C’est ce que montre la revue DedansDehors, éditée par l’Observatoire international des prisons, dans un dossier sur la décroissance carcérale où figurent en bonne place les pays scandinaves ou l’Irlande, avec des cas plus disputés comme l’Allemagne ou les Pays-Bas, ces derniers fermant leurs prisons pour en louer d’autres en Belgique, qui voit du coup les siennes exploser. Même les États Unis, dont la population carcérale a quintuplé ces dernières décennies du fait d’une aggravation de la sévérité des peines, remet aujourd’hui en question le recours massif à l’incarcération, sous les effets conjugués de la pression économique et d’une opinion publique de plus en plus sceptique devant le taux élevé de récidive.

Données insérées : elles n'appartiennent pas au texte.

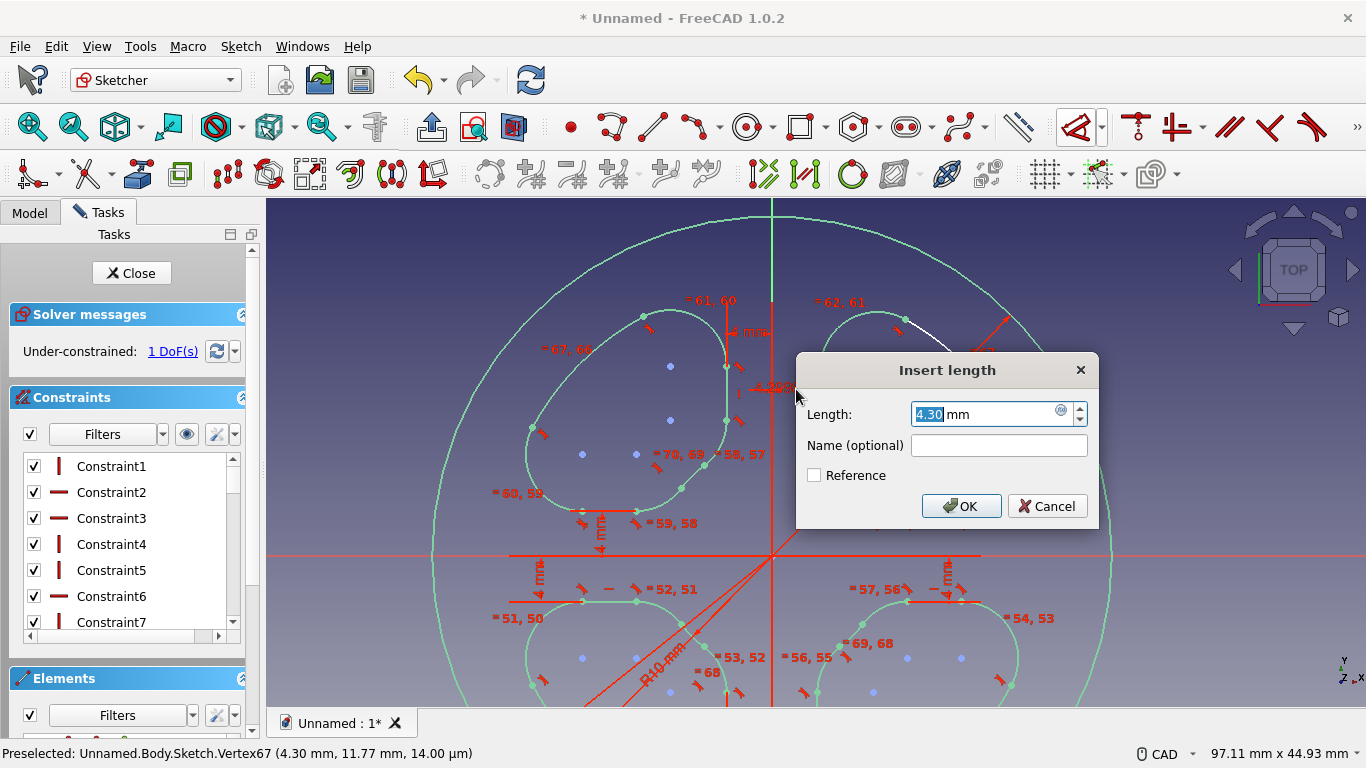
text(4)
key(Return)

Dans tous les cas, deux éléments sont déterminants : les responsables politiques sont davantage à l’écoute des chercheurs en sciences sociales qui arpentent le terrain, afin de trouver des solutions moins coûteuses et plus efficace pour améliorer la sécurité publique. Et les juges sont invités à faire leur métier en se détournant de l’automaticité des peines pour individualiser les sanctions. En Suède, par exemple, dans les affaires de stupéfiant, c’était la quantité du produit qui déterminait la durée et la nature de la peine. Aujourd’hui d’autres critères entrent en ligne de compte : le type de drogue, la nature de l’usage – privé ou professionnel – ou le fait que le contrevenant soit lui-même dépendant.

Concernant les prisons, la France ne semble pas suivre le même chemin puisqu’elle s’apprête à en construire de nouvelles

Et pour Marie Crétenot, « le gouvernement nous mène droit dans le mur ». Au lieu de poursuivre l’ambition de sa prédécesseure d’un moindre recours à l’emprisonnement, le ministre de la Justice emboite le pas au chef du gouvernement qui a ouvert le chantier de plus de 16000 cellules réparties en 33 établissement, alors même que « les enjeux sécuritaires » dont il se prévaut, en se gardant bien de dire qu’il s’agit là d’un choix de politique pénale, ne correspondent en rien à l’évolution de la criminalité, laquelle est stable, voire en diminution pour les homicides et les vols. Comme on sait, ouvrir de nouvelles prisons, c’est les remplir, et tourner le dos aux aménagements de peine qui ont un effet direct sur le taux de récidive. Mais en période électorale le thème est porteur. C’est pourquoi Didier Fassin, dans son livre d’anthropologie du châtiment, publié au Seuil sous le titre Punir, une passion contemporaine, reprend l’expression de « populisme pénal ». Lequel est d’autant plus profitable qu’il permet de maquiller ses échecs en matière de progrès social. Car dans une époque d’accroissement des inégalités économiques et de montée de l’insécurité sociale (R. Castel) la désignation de boucs-émissaires et la focalisation sur l’immigration illégale et la petite délinquance servent, entre autres, à éluder la question sociale et la demande de justice.